SUPPLIED DATA:
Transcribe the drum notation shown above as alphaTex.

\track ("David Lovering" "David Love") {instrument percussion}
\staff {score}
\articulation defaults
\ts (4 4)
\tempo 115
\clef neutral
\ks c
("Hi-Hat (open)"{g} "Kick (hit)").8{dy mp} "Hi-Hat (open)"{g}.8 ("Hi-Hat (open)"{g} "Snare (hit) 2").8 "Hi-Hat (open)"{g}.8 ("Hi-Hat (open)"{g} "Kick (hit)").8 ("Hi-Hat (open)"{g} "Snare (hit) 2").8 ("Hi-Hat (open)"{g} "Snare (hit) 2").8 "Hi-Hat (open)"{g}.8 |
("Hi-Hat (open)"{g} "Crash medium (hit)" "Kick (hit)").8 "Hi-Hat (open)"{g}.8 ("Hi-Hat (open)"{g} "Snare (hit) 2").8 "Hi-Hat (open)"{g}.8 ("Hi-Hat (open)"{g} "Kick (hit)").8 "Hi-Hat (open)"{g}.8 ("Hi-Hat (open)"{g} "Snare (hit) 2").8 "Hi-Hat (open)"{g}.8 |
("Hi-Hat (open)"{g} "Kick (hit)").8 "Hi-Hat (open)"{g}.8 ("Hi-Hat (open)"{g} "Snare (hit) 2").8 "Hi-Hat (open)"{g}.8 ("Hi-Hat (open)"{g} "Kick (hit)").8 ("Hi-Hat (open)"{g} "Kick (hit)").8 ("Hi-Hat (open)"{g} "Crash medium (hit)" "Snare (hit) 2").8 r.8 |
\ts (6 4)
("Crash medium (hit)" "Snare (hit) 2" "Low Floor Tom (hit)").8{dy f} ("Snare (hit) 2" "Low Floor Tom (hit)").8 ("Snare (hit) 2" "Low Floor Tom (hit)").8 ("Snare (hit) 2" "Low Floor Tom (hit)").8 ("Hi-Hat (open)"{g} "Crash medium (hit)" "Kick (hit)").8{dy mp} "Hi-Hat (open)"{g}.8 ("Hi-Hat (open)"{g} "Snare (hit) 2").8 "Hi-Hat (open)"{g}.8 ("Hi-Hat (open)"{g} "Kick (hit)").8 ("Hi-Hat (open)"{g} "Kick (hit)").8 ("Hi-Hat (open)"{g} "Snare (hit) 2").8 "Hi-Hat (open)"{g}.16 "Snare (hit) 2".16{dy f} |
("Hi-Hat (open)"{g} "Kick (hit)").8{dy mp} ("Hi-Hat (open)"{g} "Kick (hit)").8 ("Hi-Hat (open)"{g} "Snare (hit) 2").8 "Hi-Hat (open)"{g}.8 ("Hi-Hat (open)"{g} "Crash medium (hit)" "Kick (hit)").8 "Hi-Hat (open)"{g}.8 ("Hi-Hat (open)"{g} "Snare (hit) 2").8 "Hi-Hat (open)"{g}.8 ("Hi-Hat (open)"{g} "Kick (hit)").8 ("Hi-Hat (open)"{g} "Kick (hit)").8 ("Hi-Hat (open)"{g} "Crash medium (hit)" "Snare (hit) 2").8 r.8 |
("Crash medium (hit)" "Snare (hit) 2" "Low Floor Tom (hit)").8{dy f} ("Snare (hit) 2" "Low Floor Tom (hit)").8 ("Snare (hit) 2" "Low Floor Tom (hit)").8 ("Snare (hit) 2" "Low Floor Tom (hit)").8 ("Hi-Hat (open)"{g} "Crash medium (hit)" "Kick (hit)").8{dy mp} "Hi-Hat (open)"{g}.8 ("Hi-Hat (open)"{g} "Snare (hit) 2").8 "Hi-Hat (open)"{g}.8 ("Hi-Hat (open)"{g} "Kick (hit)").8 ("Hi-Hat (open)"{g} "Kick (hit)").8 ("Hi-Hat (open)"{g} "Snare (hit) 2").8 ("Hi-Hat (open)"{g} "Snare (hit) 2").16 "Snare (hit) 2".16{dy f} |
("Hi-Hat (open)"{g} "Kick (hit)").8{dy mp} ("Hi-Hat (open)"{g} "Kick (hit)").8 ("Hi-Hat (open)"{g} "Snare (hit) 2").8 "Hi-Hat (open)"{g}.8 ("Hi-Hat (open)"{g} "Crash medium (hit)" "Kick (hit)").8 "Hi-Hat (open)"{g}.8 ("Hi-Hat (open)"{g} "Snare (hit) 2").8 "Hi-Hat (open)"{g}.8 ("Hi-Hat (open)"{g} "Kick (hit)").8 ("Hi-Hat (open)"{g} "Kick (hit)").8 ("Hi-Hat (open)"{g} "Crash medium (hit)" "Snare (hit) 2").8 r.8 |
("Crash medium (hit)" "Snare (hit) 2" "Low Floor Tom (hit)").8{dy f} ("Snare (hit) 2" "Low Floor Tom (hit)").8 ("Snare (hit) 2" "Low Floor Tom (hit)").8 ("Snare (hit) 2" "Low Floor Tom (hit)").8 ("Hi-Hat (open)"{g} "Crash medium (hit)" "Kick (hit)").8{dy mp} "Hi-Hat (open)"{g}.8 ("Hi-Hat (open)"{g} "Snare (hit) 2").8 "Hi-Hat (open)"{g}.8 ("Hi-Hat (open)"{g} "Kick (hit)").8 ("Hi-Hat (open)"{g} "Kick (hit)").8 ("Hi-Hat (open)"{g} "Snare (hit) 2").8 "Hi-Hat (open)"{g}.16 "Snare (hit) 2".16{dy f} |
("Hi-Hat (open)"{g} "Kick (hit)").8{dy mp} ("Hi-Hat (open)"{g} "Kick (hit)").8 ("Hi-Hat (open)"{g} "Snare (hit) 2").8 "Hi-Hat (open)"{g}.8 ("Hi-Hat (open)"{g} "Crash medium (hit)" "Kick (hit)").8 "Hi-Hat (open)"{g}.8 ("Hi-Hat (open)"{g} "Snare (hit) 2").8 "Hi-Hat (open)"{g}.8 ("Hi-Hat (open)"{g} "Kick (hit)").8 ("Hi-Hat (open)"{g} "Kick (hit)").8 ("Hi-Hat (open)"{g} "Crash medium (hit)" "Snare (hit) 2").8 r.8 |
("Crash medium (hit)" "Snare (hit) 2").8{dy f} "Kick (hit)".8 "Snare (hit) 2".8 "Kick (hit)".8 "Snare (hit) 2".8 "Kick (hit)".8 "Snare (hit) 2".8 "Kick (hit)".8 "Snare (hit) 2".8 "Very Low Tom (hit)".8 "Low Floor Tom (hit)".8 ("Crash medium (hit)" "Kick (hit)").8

GOAL OF THE EXERCISE: A word-for-word copy of the data is what should be returned.

RESULT OF THE EXERCISE:
Transcribe the drum notation shown above as alphaTex.

\track ("David Lovering" "David Love") {instrument percussion}
\staff {score}
\articulation defaults
\ts (4 4)
\tempo 115
\clef neutral
\ks c
("Hi-Hat (open)"{g} "Kick (hit)").8{dy mp} "Hi-Hat (open)"{g}.8 ("Hi-Hat (open)"{g} "Snare (hit) 2").8 "Hi-Hat (open)"{g}.8 ("Hi-Hat (open)"{g} "Kick (hit)").8 ("Hi-Hat (open)"{g} "Snare (hit) 2").8 ("Hi-Hat (open)"{g} "Snare (hit) 2").8 "Hi-Hat (open)"{g}.8 |
("Hi-Hat (open)"{g} "Crash medium (hit)" "Kick (hit)").8 "Hi-Hat (open)"{g}.8 ("Hi-Hat (open)"{g} "Snare (hit) 2").8 "Hi-Hat (open)"{g}.8 ("Hi-Hat (open)"{g} "Kick (hit)").8 "Hi-Hat (open)"{g}.8 ("Hi-Hat (open)"{g} "Snare (hit) 2").8 "Hi-Hat (open)"{g}.8 |
("Hi-Hat (open)"{g} "Kick (hit)").8 "Hi-Hat (open)"{g}.8 ("Hi-Hat (open)"{g} "Snare (hit) 2").8 "Hi-Hat (open)"{g}.8 ("Hi-Hat (open)"{g} "Kick (hit)").8 ("Hi-Hat (open)"{g} "Kick (hit)").8 ("Hi-Hat (open)"{g} "Crash medium (hit)" "Snare (hit) 2").8 r.8 |
\ts (6 4)
("Crash medium (hit)" "Snare (hit) 2" "Low Floor Tom (hit)").8{dy f} ("Snare (hit) 2" "Low Floor Tom (hit)").8 ("Snare (hit) 2" "Low Floor Tom (hit)").8 ("Snare (hit) 2" "Low Floor Tom (hit)").8 ("Hi-Hat (open)"{g} "Crash medium (hit)" "Kick (hit)").8{dy mp} "Hi-Hat (open)"{g}.8 ("Hi-Hat (open)"{g} "Snare (hit) 2").8 "Hi-Hat (open)"{g}.8 ("Hi-Hat (open)"{g} "Kick (hit)").8 ("Hi-Hat (open)"{g} "Kick (hit)").8 ("Hi-Hat (open)"{g} "Snare (hit) 2").8 "Hi-Hat (open)"{g}.16 "Snare (hit) 2".16{dy f} |
("Hi-Hat (open)"{g} "Kick (hit)").8{dy mp} ("Hi-Hat (open)"{g} "Kick (hit)").8 ("Hi-Hat (open)"{g} "Snare (hit) 2").8 "Hi-Hat (open)"{g}.8 ("Hi-Hat (open)"{g} "Crash medium (hit)" "Kick (hit)").8 "Hi-Hat (open)"{g}.8 ("Hi-Hat (open)"{g} "Snare (hit) 2").8 "Hi-Hat (open)"{g}.8 ("Hi-Hat (open)"{g} "Kick (hit)").8 ("Hi-Hat (open)"{g} "Kick (hit)").8 ("Hi-Hat (open)"{g} "Crash medium (hit)" "Snare (hit) 2").8 r.8 |
("Crash medium (hit)" "Snare (hit) 2" "Low Floor Tom (hit)").8{dy f} ("Snare (hit) 2" "Low Floor Tom (hit)").8 ("Snare (hit) 2" "Low Floor Tom (hit)").8 ("Snare (hit) 2" "Low Floor Tom (hit)").8 ("Hi-Hat (open)"{g} "Crash medium (hit)" "Kick (hit)").8{dy mp} "Hi-Hat (open)"{g}.8 ("Hi-Hat (open)"{g} "Snare (hit) 2").8 "Hi-Hat (open)"{g}.8 ("Hi-Hat (open)"{g} "Kick (hit)").8 ("Hi-Hat (open)"{g} "Kick (hit)").8 ("Hi-Hat (open)"{g} "Snare (hit) 2").8 ("Hi-Hat (open)"{g} "Snare (hit) 2").16 "Snare (hit) 2".16{dy f} |
("Hi-Hat (open)"{g} "Kick (hit)").8{dy mp} ("Hi-Hat (open)"{g} "Kick (hit)").8 ("Hi-Hat (open)"{g} "Snare (hit) 2").8 "Hi-Hat (open)"{g}.8 ("Hi-Hat (open)"{g} "Crash medium (hit)" "Kick (hit)").8 "Hi-Hat (open)"{g}.8 ("Hi-Hat (open)"{g} "Snare (hit) 2").8 "Hi-Hat (open)"{g}.8 ("Hi-Hat (open)"{g} "Kick (hit)").8 ("Hi-Hat (open)"{g} "Kick (hit)").8 ("Hi-Hat (open)"{g} "Crash medium (hit)" "Snare (hit) 2").8 r.8 |
("Crash medium (hit)" "Snare (hit) 2" "Low Floor Tom (hit)").8{dy f} ("Snare (hit) 2" "Low Floor Tom (hit)").8 ("Snare (hit) 2" "Low Floor Tom (hit)").8 ("Snare (hit) 2" "Low Floor Tom (hit)").8 ("Hi-Hat (open)"{g} "Crash medium (hit)" "Kick (hit)").8{dy mp} "Hi-Hat (open)"{g}.8 ("Hi-Hat (open)"{g} "Snare (hit) 2").8 "Hi-Hat (open)"{g}.8 ("Hi-Hat (open)"{g} "Kick (hit)").8 ("Hi-Hat (open)"{g} "Kick (hit)").8 ("Hi-Hat (open)"{g} "Snare (hit) 2").8 "Hi-Hat (open)"{g}.16 "Snare (hit) 2".16{dy f} |
("Hi-Hat (open)"{g} "Kick (hit)").8{dy mp} ("Hi-Hat (open)"{g} "Kick (hit)").8 ("Hi-Hat (open)"{g} "Snare (hit) 2").8 "Hi-Hat (open)"{g}.8 ("Hi-Hat (open)"{g} "Crash medium (hit)" "Kick (hit)").8 "Hi-Hat (open)"{g}.8 ("Hi-Hat (open)"{g} "Snare (hit) 2").8 "Hi-Hat (open)"{g}.8 ("Hi-Hat (open)"{g} "Kick (hit)").8 ("Hi-Hat (open)"{g} "Kick (hit)").8 ("Hi-Hat (open)"{g} "Crash medium (hit)" "Snare (hit) 2").8 r.8 |
("Crash medium (hit)" "Snare (hit) 2").8{dy f} "Kick (hit)".8 "Snare (hit) 2".8 "Kick (hit)".8 "Snare (hit) 2".8 "Kick (hit)".8 "Snare (hit) 2".8 "Kick (hit)".8 "Snare (hit) 2".8 "Very Low Tom (hit)".8 "Low Floor Tom (hit)".8 ("Crash medium (hit)" "Kick (hit)").8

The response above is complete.